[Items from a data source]

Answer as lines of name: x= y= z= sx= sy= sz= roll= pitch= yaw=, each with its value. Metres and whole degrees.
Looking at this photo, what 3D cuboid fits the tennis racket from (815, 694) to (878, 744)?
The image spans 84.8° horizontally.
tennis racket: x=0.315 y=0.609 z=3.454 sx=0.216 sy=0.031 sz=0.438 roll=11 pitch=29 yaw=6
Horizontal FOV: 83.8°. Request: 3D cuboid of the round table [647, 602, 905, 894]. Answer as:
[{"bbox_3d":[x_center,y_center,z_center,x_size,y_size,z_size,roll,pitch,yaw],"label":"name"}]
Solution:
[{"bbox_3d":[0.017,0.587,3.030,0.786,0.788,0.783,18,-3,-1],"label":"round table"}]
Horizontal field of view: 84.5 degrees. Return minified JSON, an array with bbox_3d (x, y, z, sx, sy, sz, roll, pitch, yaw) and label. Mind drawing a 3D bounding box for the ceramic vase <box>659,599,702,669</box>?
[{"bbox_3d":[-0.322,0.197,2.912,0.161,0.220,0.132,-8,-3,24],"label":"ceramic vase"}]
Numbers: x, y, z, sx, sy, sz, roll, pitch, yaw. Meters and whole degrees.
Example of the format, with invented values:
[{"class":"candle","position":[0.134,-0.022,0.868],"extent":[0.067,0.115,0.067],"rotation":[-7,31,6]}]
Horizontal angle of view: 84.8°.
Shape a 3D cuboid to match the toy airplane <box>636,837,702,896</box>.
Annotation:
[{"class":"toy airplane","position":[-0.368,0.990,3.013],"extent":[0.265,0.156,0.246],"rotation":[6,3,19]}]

▶ REQUIREMENT:
Repeat the data in full, matching each line exactly.

▶ RESPONSE:
Answer as lines of name: x= y= z= sx= sy= sz= roll= pitch= yaw=, each with its value. Metres and whole degrees.
Looking at this photo, what 3D cuboid fits the tennis racket from (815, 694) to (878, 744)?
The image spans 84.8° horizontally.
tennis racket: x=0.315 y=0.609 z=3.454 sx=0.216 sy=0.031 sz=0.438 roll=11 pitch=29 yaw=6
Horizontal FOV: 83.8°. Request: 3D cuboid of the round table [647, 602, 905, 894]. Answer as:
[{"bbox_3d":[x_center,y_center,z_center,x_size,y_size,z_size,roll,pitch,yaw],"label":"name"}]
Solution:
[{"bbox_3d":[0.017,0.587,3.030,0.786,0.788,0.783,18,-3,-1],"label":"round table"}]
Horizontal field of view: 84.5 degrees. Return minified JSON, an array with bbox_3d (x, y, z, sx, sy, sz, roll, pitch, yaw) and label. Mind drawing a 3D bounding box for the ceramic vase <box>659,599,702,669</box>?
[{"bbox_3d":[-0.322,0.197,2.912,0.161,0.220,0.132,-8,-3,24],"label":"ceramic vase"}]
Numbers: x, y, z, sx, sy, sz, roll, pitch, yaw. Meters and whole degrees.
Example of the format, with invented values:
[{"class":"candle","position":[0.134,-0.022,0.868],"extent":[0.067,0.115,0.067],"rotation":[-7,31,6]}]
Horizontal angle of view: 84.8°.
Shape a 3D cuboid to match the toy airplane <box>636,837,702,896</box>.
Annotation:
[{"class":"toy airplane","position":[-0.368,0.990,3.013],"extent":[0.265,0.156,0.246],"rotation":[6,3,19]}]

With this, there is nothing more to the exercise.